Тогда они мгновенно отходят от дверей ресторана и в задумчивости бродят по залам, не зная, что предпринять.

Вдруг – осенило. Бегут на перрон. Поезд. Быстро идут вдоль состава. Застыли на подножках проводники. Грузят серые мешки с газетами в почтовые вагоны.

Вагон. Андрей стучит по окошку. Зажгли свет, сонная морда. Жестами, мол бутылку отпустишь? Морда покивала: дескать, отпущу, сделает, иди к дверям. Они подёргали дверь – заперта. Андрей вернулся к окну, постучал. Морда в это время маячила в дверях, высматривая: где же покупатель? Удалилась обратно в вагон. Так они и бегали от окна к двери, пока не сошлись, наконец, у окна. Андрей помахал ключиком – дескать, дверь заперта. Морда поняла, открыла дверь и выдала желанные бутылки, когда поезд уже трогался.

Голос Славы: …потом я хотел написать рассказ про этот вечер, про Андрюшу, про наших, про меня, про девочек, но не написал. Я ресторан, с потушенными огнями… Я ведь уже тогда понимал, что вовсе нас с Андрюшей не двое, что это он так говорил – потому что ему тяжело было. Я-то очень его любил, – и парень он хороший, всё для друга сделает – и поэт настоящий. Но не было нас с Андреем двое. А был он один и будет один. Всю жизнь. Потому что он из таких людей. Есть такие люди, которые всю жизнь одни – хотя и друзей у них полно, и женщина есть. Так Андрюша наш был как раз таким.

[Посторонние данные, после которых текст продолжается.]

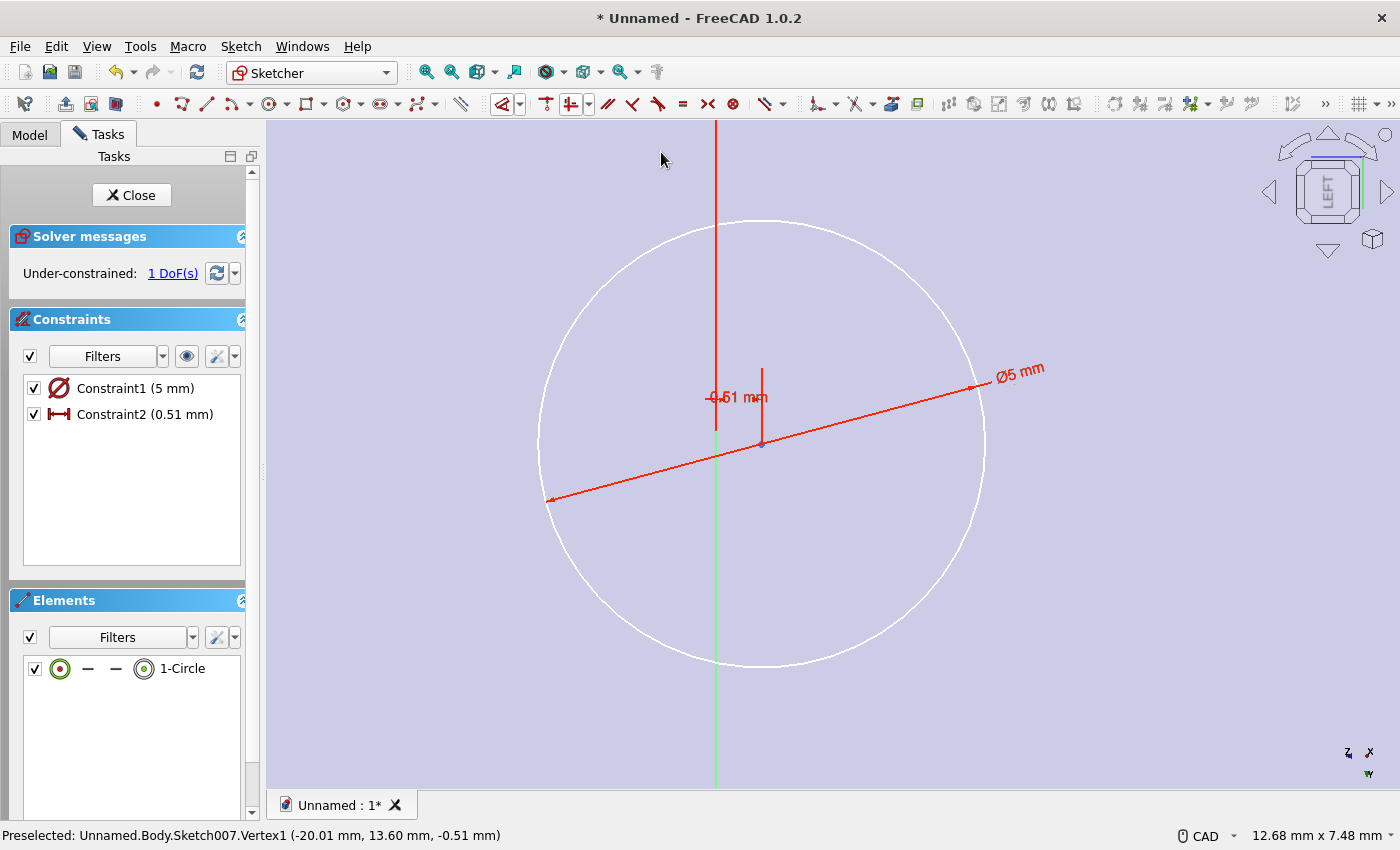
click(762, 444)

Да, про рассказ. Почему я его не написал? Вот потому и не написал, что не верил себе, когда говорил Андрею: нас двое. А раз сам себе не веришь – что ж это за рассказ? И потом – какой из меня к чёрту писатель? Вышел из меня со временем дерьмовый инженер. А писателя не вышло.

Буфет на вокзале. Андрей и Слава распивают за стойкой портвейн. Кругом люди закусывают. Андрей упёрся лицом в ладони.

– Тебе не хватит? – спросил Слава.

– Наливай ещё.

– А может, хватит?

– Наливай, тебе говорю.

Андрей уже совсем пьян. Слава налил ему полстакана.

Андрей вырвал у него бутылку и налил до краёв.

Комната Андрея. Отец Андрея и Слава раздевают его. Он лежит поперёк кровати, мотая головой и мыча.

– Поэты, поэты. – бормочет Слава, стягивая с Андрея ботинок.

– Алкоголики долбаные… Горе с вами простым советским людям.

Пластинка кончилась. И игла, шурша, ходит по пустому месту. Женя с брызгами воды на пьяном лице снял иглу. Постоял, опершись, и пошел в другую комнату. Все уже разошлись. Был страшный беспорядок. За столом в другой комнате спал всё тот же. Женя выключил там свет, постоял на пороге и вышел в коридор. Он выключил свет на кухне, в совмещённом санузле, а также в коридоре. Постоял немного и вернулся в комнату. Там он тоже выключил свет, сел на кровать, стянул ботинки, и, как был, одетый, завалился спать.

Фотография юноши, насквозь просвеченная утренним солнцем. Юноша в армейской форме.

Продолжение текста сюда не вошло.